** Opening Information supplied block **

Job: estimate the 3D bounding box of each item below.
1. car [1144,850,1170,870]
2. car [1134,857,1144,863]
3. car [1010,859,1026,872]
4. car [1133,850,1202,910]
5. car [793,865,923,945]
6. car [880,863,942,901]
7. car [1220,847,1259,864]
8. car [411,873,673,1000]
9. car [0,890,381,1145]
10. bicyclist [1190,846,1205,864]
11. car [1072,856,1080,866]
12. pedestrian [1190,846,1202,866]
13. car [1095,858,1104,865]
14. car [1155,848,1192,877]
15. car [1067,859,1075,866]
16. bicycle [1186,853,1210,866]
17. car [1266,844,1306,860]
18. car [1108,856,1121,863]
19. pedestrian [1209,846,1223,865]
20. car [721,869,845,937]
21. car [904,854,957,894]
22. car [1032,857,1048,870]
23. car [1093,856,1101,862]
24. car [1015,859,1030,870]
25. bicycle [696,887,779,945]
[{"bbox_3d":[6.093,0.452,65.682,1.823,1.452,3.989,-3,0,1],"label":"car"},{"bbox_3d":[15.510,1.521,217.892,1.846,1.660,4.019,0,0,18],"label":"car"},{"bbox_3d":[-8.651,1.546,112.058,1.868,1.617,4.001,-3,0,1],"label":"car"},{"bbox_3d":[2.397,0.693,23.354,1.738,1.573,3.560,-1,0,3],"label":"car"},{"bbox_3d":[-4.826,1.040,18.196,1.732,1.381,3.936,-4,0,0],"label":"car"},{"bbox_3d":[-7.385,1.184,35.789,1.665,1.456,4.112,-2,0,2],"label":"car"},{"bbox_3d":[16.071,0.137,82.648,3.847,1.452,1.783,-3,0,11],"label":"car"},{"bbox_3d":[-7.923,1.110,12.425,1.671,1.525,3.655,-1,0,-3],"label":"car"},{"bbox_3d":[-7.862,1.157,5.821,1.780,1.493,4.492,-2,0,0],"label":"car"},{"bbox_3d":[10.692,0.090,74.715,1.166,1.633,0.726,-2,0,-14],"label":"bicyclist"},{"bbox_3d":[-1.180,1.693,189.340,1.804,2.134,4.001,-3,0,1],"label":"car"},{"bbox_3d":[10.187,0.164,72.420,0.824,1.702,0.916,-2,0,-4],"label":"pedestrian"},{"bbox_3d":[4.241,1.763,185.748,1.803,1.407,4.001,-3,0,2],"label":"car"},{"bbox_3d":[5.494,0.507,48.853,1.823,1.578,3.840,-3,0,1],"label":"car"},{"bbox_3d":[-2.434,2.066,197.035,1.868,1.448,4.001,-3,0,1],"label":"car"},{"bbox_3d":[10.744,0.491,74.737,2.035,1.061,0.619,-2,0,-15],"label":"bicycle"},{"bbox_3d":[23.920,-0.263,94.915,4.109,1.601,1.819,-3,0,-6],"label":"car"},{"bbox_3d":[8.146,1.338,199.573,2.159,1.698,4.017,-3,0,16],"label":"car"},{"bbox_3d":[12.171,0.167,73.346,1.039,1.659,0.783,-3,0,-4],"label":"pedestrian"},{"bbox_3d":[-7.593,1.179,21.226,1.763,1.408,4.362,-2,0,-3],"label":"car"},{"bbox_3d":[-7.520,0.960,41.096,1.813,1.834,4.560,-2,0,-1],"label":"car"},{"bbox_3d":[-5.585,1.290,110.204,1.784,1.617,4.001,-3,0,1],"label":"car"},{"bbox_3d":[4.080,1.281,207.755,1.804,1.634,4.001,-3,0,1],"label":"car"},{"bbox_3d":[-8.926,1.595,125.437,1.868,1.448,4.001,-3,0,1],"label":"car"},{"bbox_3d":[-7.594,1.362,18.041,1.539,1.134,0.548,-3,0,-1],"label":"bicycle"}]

** Closing Information supplied block **
** Opening Information supplied block **

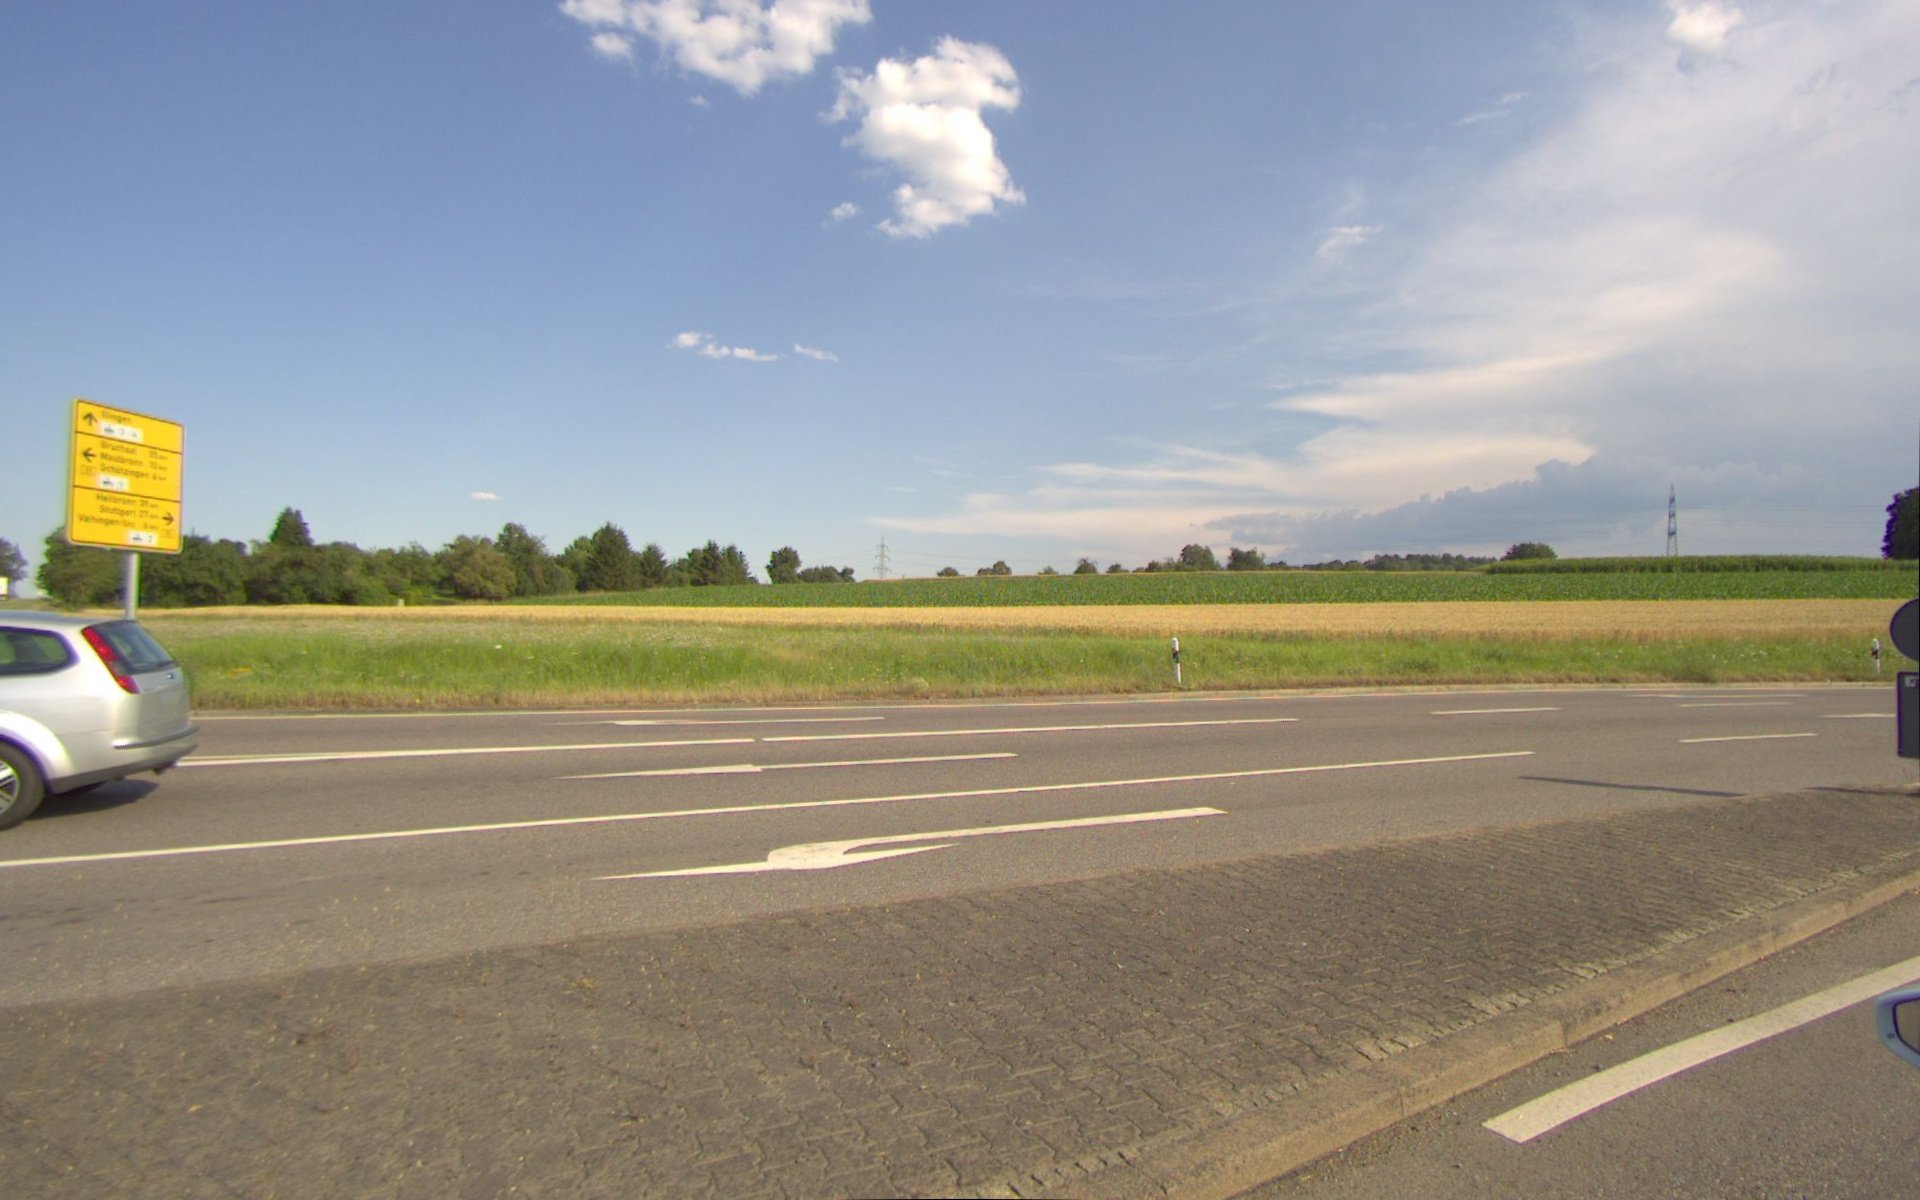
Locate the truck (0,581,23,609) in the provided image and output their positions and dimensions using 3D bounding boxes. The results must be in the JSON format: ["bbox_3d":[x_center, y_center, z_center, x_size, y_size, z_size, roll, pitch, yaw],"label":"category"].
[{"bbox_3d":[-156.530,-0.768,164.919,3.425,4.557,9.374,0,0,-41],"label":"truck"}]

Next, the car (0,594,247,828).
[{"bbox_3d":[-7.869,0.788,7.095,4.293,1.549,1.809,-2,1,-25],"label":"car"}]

** Closing Information supplied block **

→ **Your goal**:
Within the material above, extract exactly the lines that start at the line containing "11. car [1072,856,1080,866]" and stop after the line containing "24. car [1015,859,1030,870]", and only those.

→ **Reply to the exercise**:
11. car [1072,856,1080,866]
12. pedestrian [1190,846,1202,866]
13. car [1095,858,1104,865]
14. car [1155,848,1192,877]
15. car [1067,859,1075,866]
16. bicycle [1186,853,1210,866]
17. car [1266,844,1306,860]
18. car [1108,856,1121,863]
19. pedestrian [1209,846,1223,865]
20. car [721,869,845,937]
21. car [904,854,957,894]
22. car [1032,857,1048,870]
23. car [1093,856,1101,862]
24. car [1015,859,1030,870]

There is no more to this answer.